John Mills, Sr. - vocals
Herbert Mills - vocals
Harry Mills - vocals
Donald Mills - vocals
Bernard Addison - guitar
Norman Brown – guitar

 

Combining the traditional elements of vaudeville and barbershop with more recent developments in the jazz idiom, with their ‘Four Boys And a Guitar’ billing the Mills Brothers elevated Negro minstrelsy to new heights.And while their ‘No Other Instruments except comb and paper…’ may at times have been less than accurate, for versatility in contrived orchestral imitation (albeit derivative – it owed something to the Comedy Harmonists) was nothing less than sensational.They were prolific recording artists whose catalogue of seventy hit records between 1931 and 1968 (including the estimated equivalent of five No.1s between 1931 and 1954) places them high among the most popular vocal groups of all time.

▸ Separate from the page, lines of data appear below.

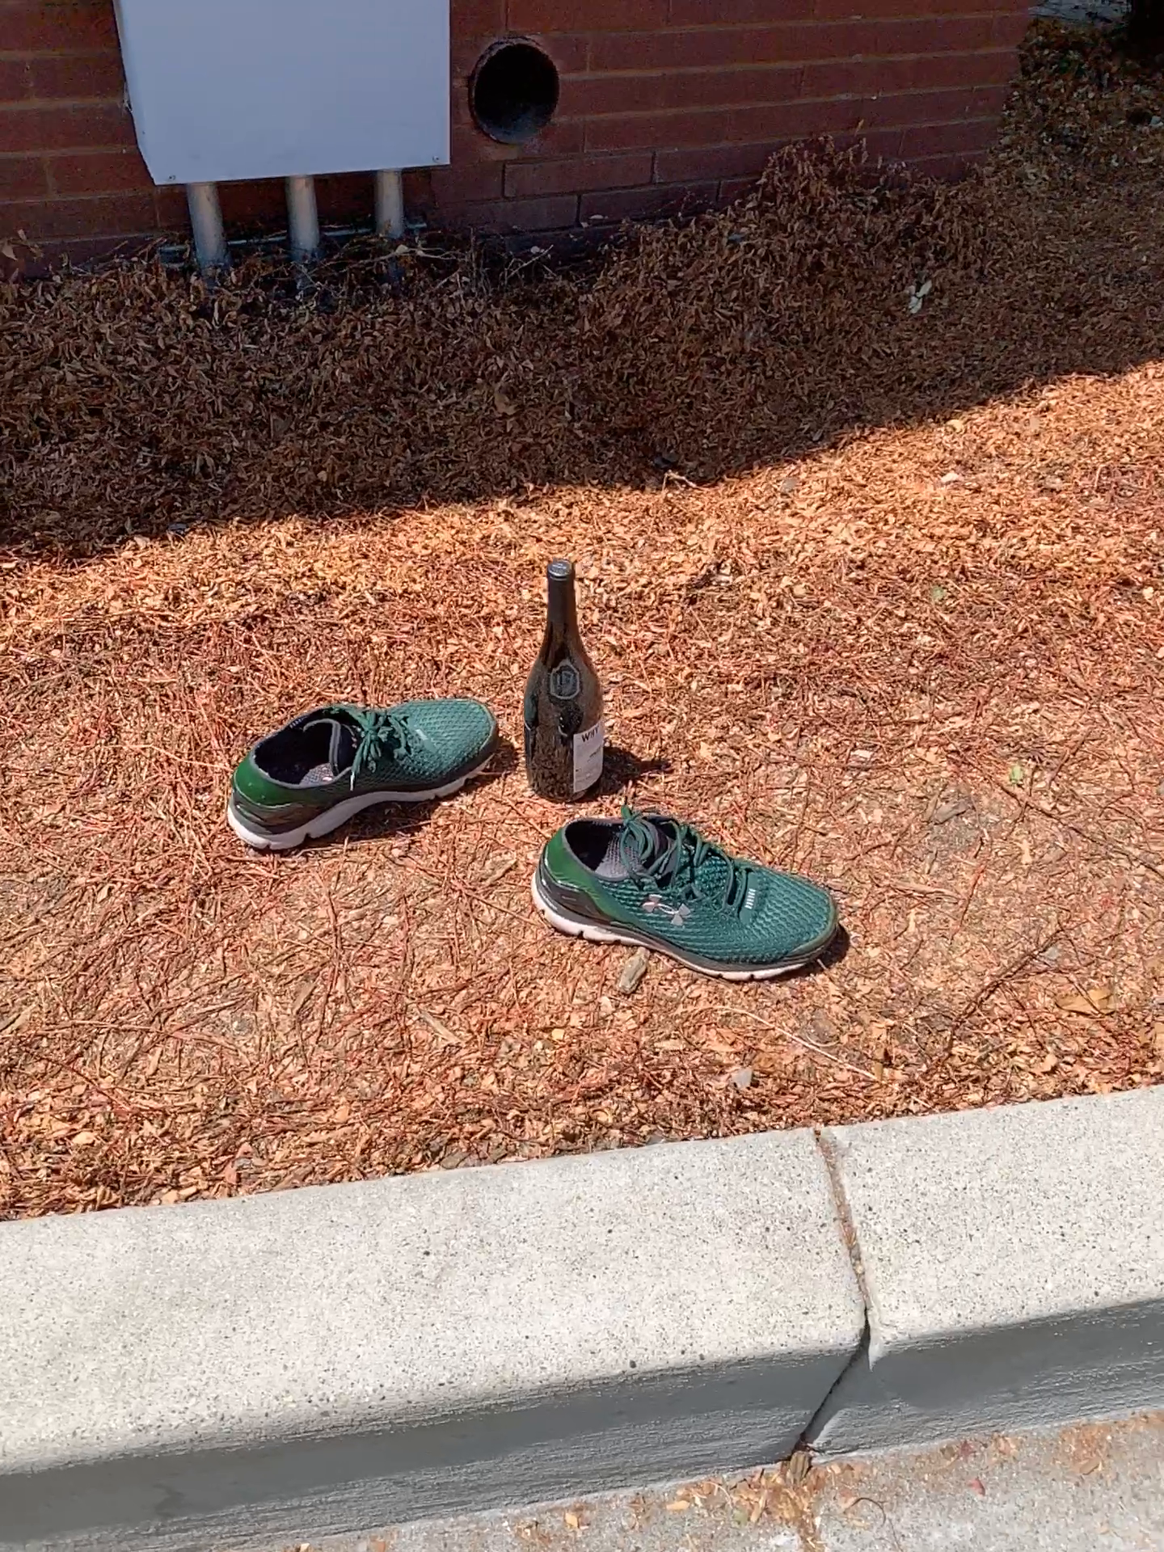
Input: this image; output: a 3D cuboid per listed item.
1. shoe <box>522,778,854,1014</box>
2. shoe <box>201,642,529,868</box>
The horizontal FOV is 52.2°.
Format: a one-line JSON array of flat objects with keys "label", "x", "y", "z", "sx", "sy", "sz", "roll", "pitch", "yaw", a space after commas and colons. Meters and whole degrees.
[{"label": "shoe", "x": 0.101, "y": 0.114, "z": 1.153, "sx": 0.290, "sy": 0.099, "sz": 0.121, "roll": 15, "pitch": 46, "yaw": 8}, {"label": "shoe", "x": -0.218, "y": -0.027, "z": 1.224, "sx": 0.300, "sy": 0.099, "sz": 0.121, "roll": -18, "pitch": 51, "yaw": -22}]
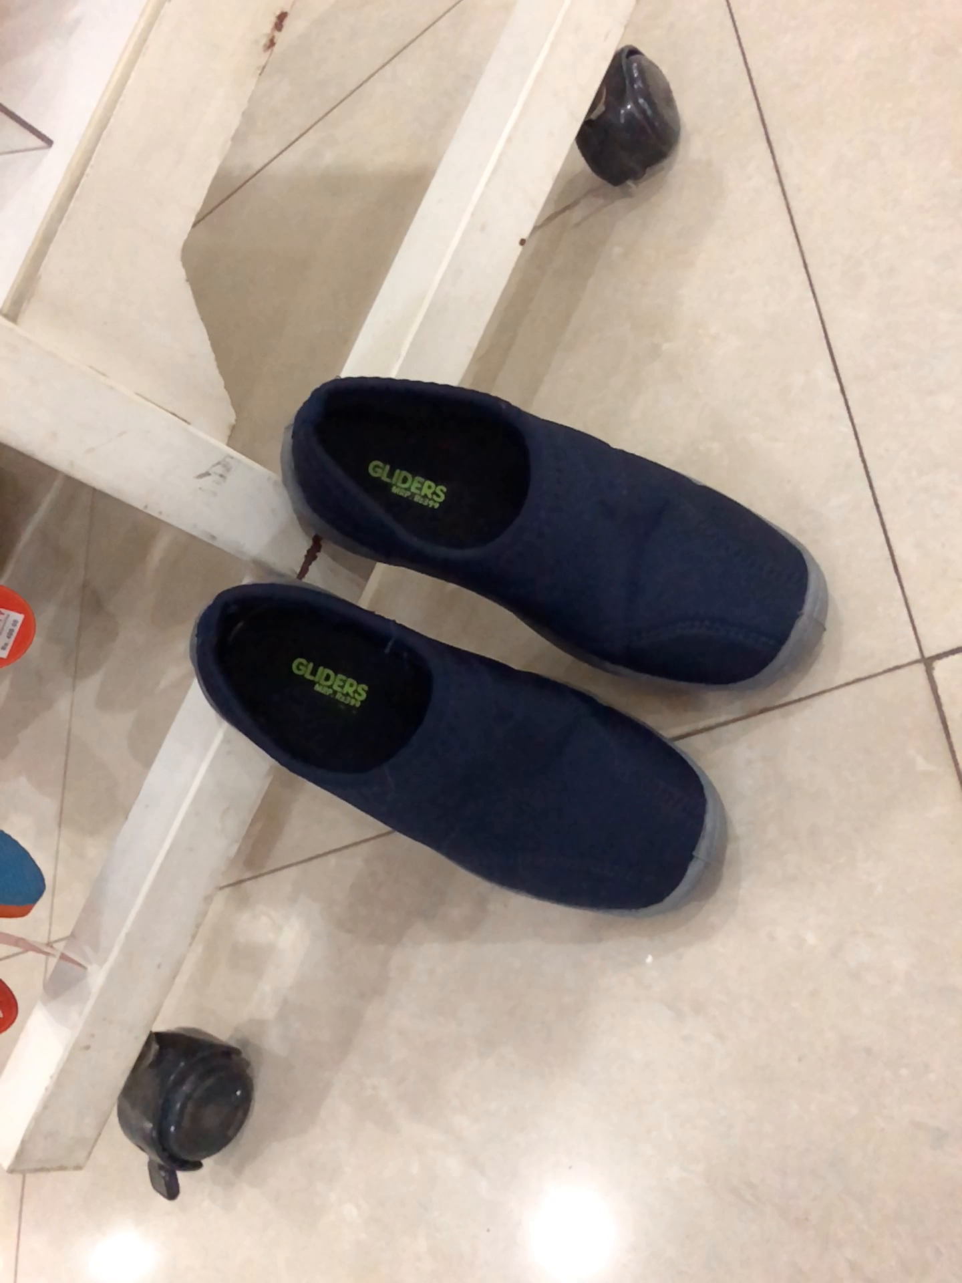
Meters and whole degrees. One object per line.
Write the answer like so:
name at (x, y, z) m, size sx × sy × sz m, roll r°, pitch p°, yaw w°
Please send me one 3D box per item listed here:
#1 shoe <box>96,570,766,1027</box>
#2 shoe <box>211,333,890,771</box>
shoe at (-0.036, 0.124, 0.866) m, size 0.461 × 0.200 × 0.160 m, roll 22°, pitch 80°, yaw 9°
shoe at (0.056, -0.068, 0.925) m, size 0.490 × 0.207 × 0.186 m, roll 20°, pitch 84°, yaw 10°
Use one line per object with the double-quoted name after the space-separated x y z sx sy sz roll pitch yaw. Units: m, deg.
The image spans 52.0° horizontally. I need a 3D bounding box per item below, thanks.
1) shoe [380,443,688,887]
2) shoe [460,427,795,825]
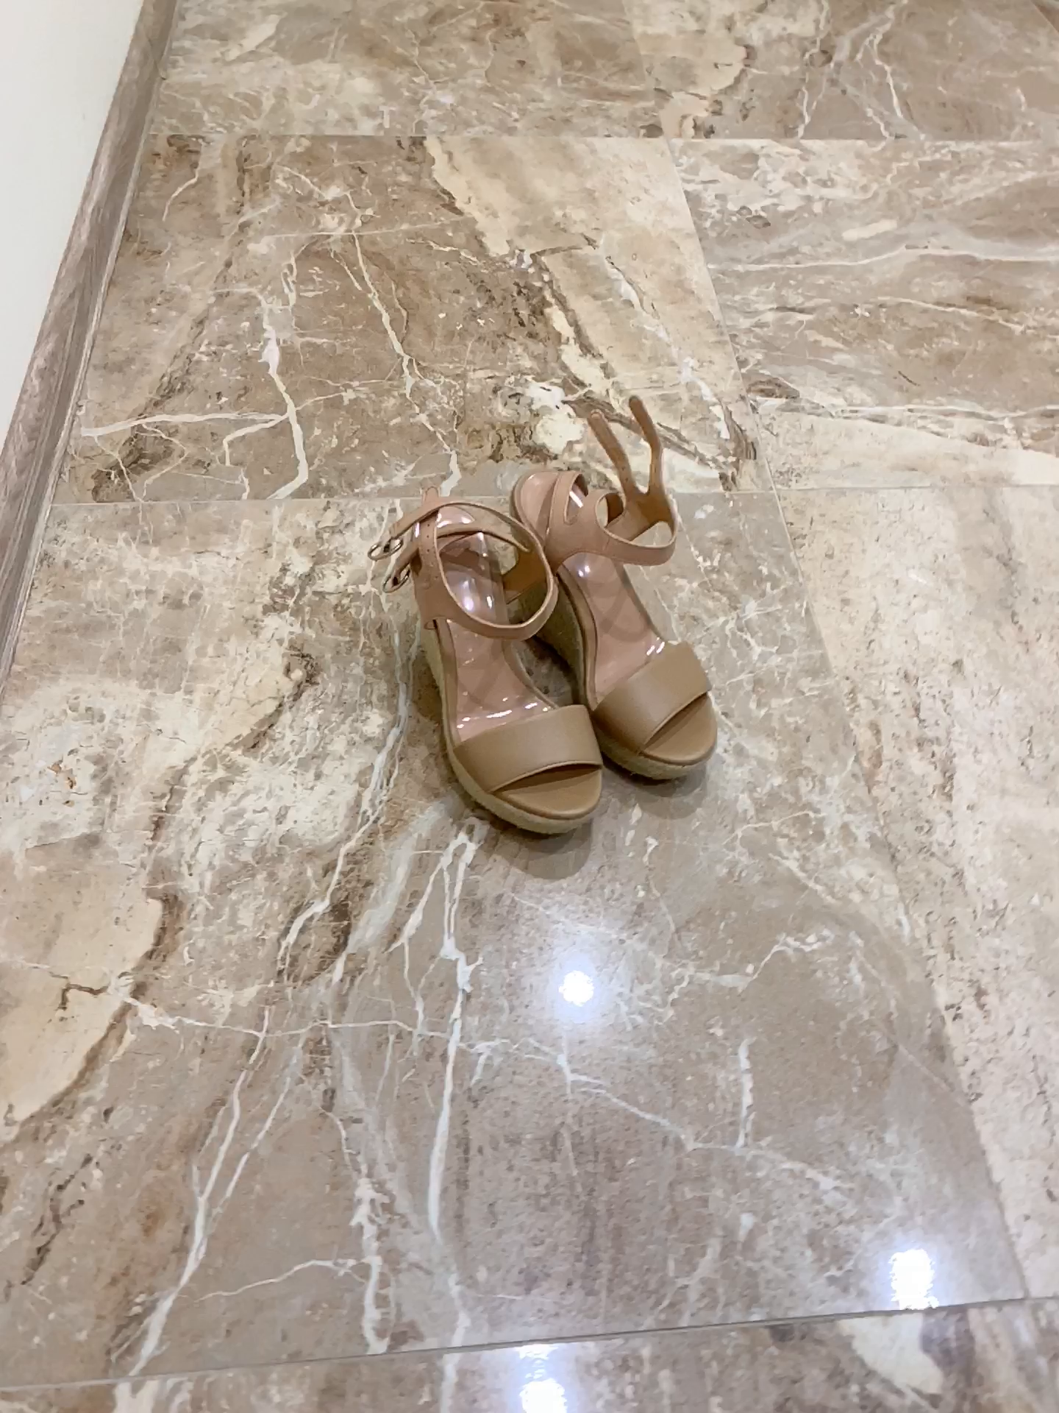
-0.007 -0.027 0.665 0.090 0.149 0.211 -19 57 -17 "shoe"
0.050 -0.055 0.698 0.090 0.129 0.211 -28 59 -22 "shoe"
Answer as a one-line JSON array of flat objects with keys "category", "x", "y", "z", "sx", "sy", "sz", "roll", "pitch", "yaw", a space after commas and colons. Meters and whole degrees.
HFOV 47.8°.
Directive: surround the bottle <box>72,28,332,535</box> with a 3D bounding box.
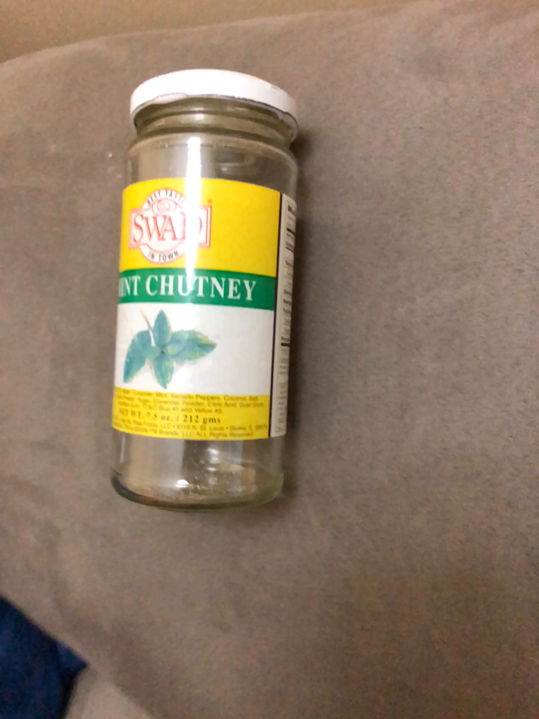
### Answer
[{"category": "bottle", "x": -0.020, "y": -0.021, "z": 0.198, "sx": 0.057, "sy": 0.056, "sz": 0.133, "roll": 3, "pitch": 91, "yaw": 29}]
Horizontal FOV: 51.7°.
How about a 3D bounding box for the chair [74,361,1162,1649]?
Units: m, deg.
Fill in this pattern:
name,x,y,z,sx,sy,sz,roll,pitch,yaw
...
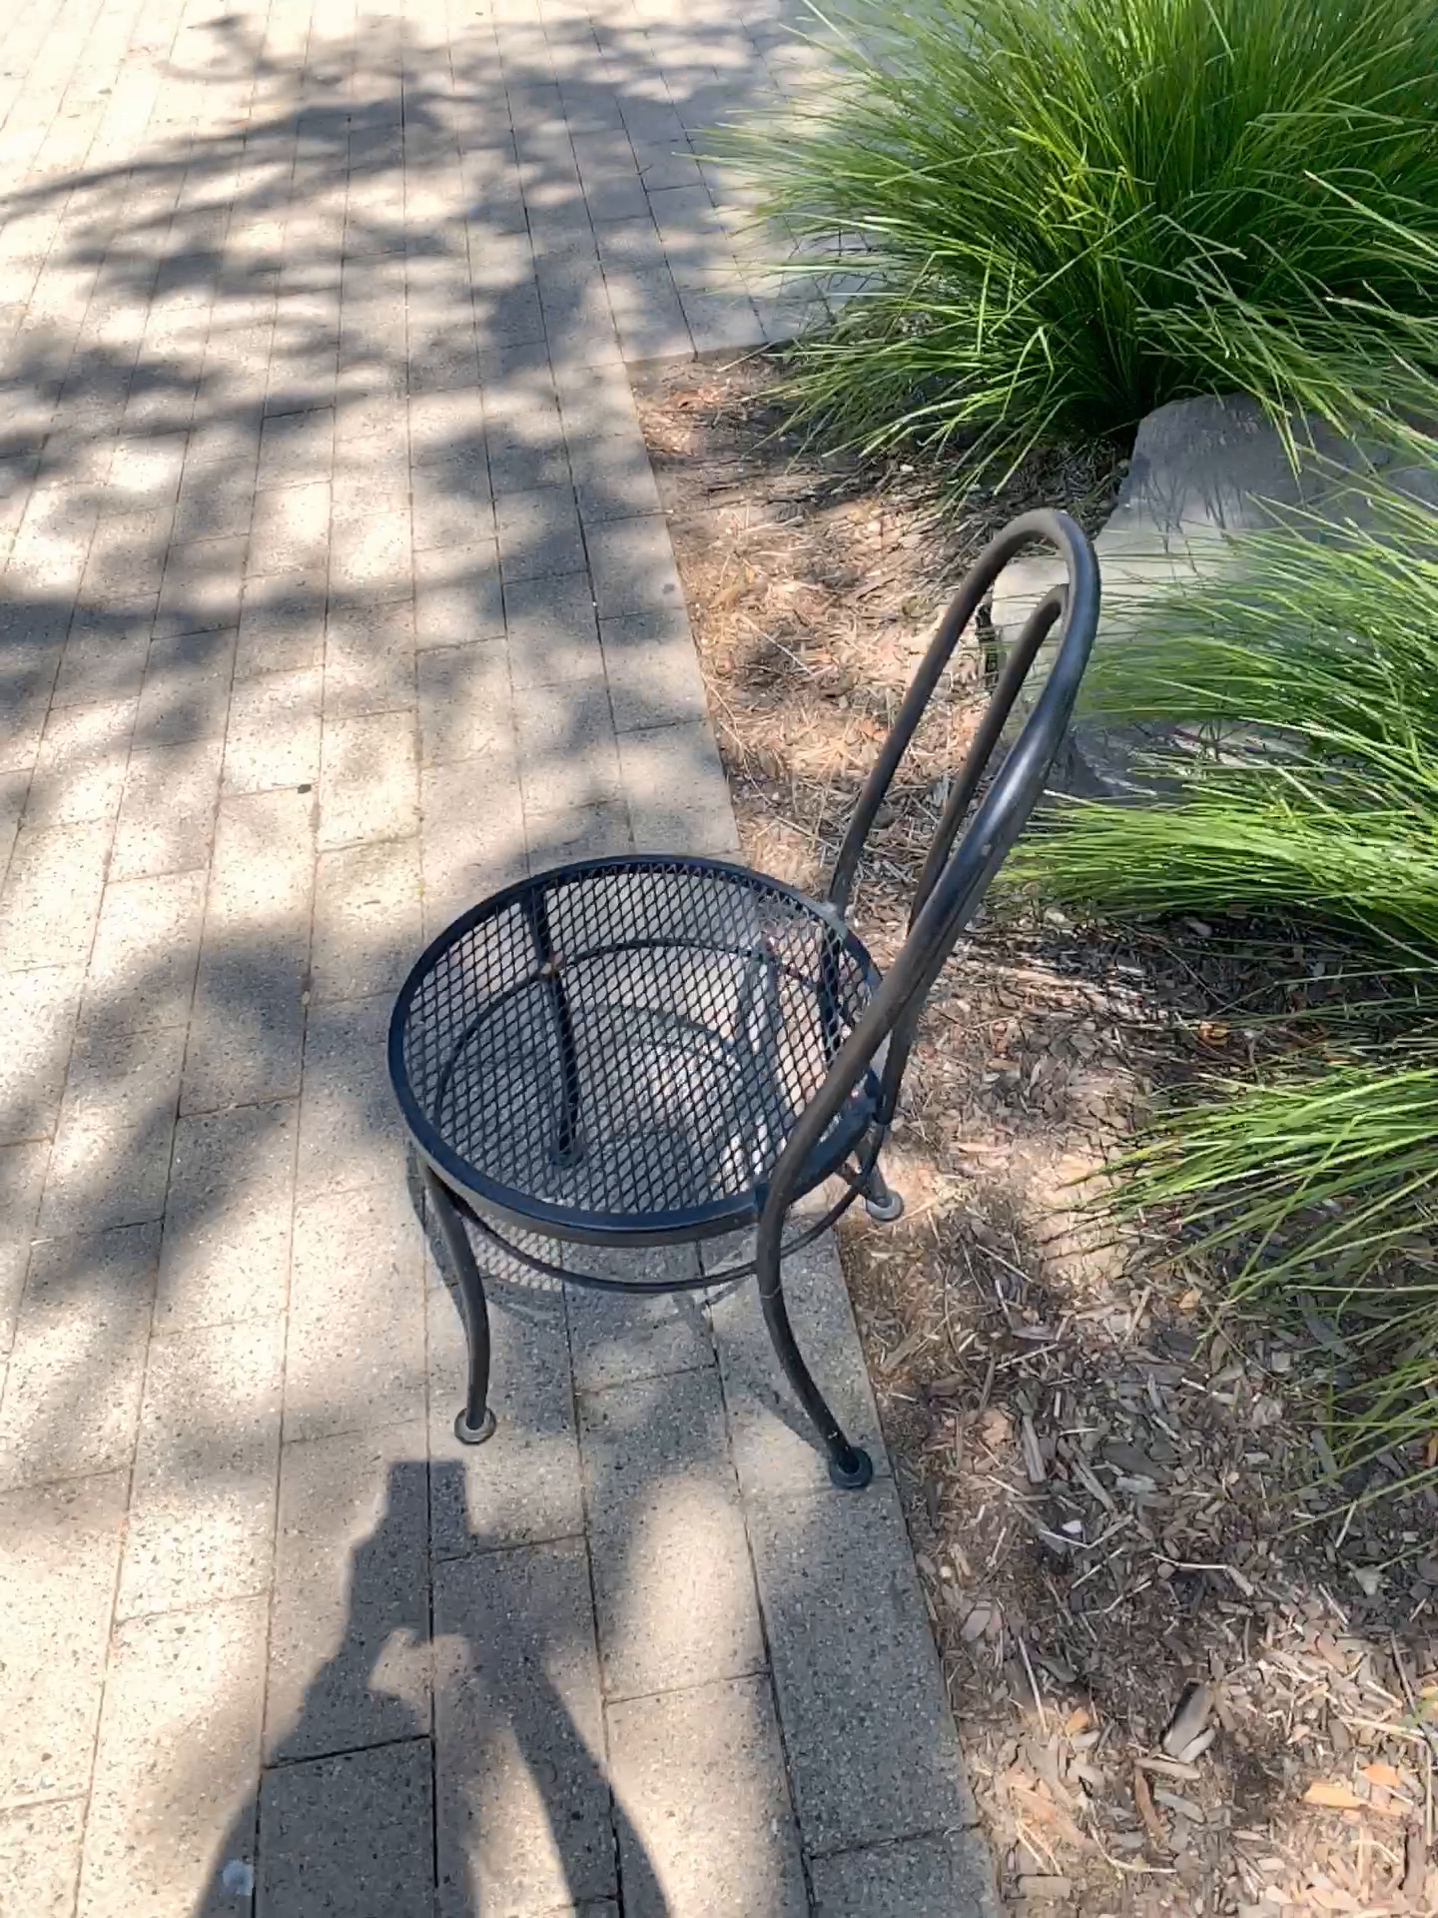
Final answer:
name,x,y,z,sx,sy,sz,roll,pitch,yaw
chair,0.014,0.107,1.217,0.532,0.997,0.460,6,48,12
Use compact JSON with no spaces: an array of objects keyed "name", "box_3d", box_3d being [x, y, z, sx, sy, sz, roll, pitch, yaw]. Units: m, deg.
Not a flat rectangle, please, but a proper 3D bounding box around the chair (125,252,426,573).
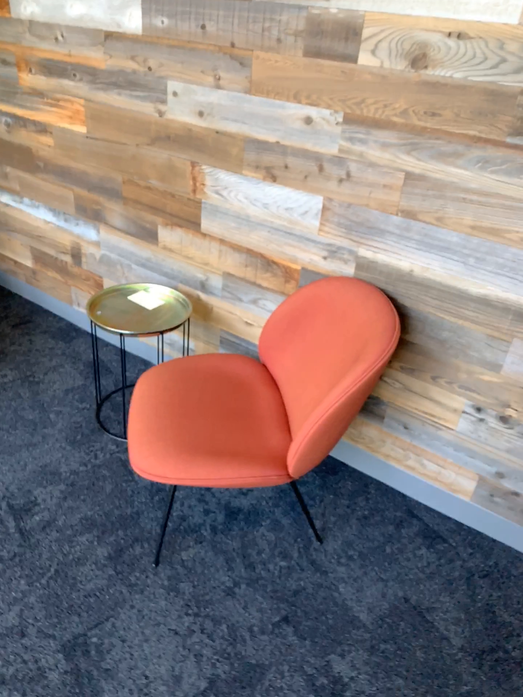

During the mid-1920s the trio of brothers Herbert, (1912-1989), Harry (1913-1982) and Donald (1915-1999) would harmonise for their own enjoyment at home in their native Piqua, Ohio. Encouraged by their ballad-singer-turnedbarber father John Mills Senior (1882-1967) they were joined by their elder brother John (1911-1936), a talented guitarist who doubled with vocal imitations of bass and tuba, and appeared together in the Piqua area in dances and vaudeville shows. Billed as ‘Four Boys And A Kazoo’ they improvised their own backing with lifelike imitations of saxophones, trumpets, trombones and a variety of other instruments.

The Mills Brothers’ hit records sold globally in large numbers and, like other entertainers of the early talkie era, they also endeared themselves to world audiences via radio and films, beginning with Big Broadcast Of 1932 (for Paramount, 1932; co-starring Bing Crosby, Kate Smith, Burns and Allen, Cab Calloway and the Boswell Sisters) in which they reintroduced “Tiger Rag”.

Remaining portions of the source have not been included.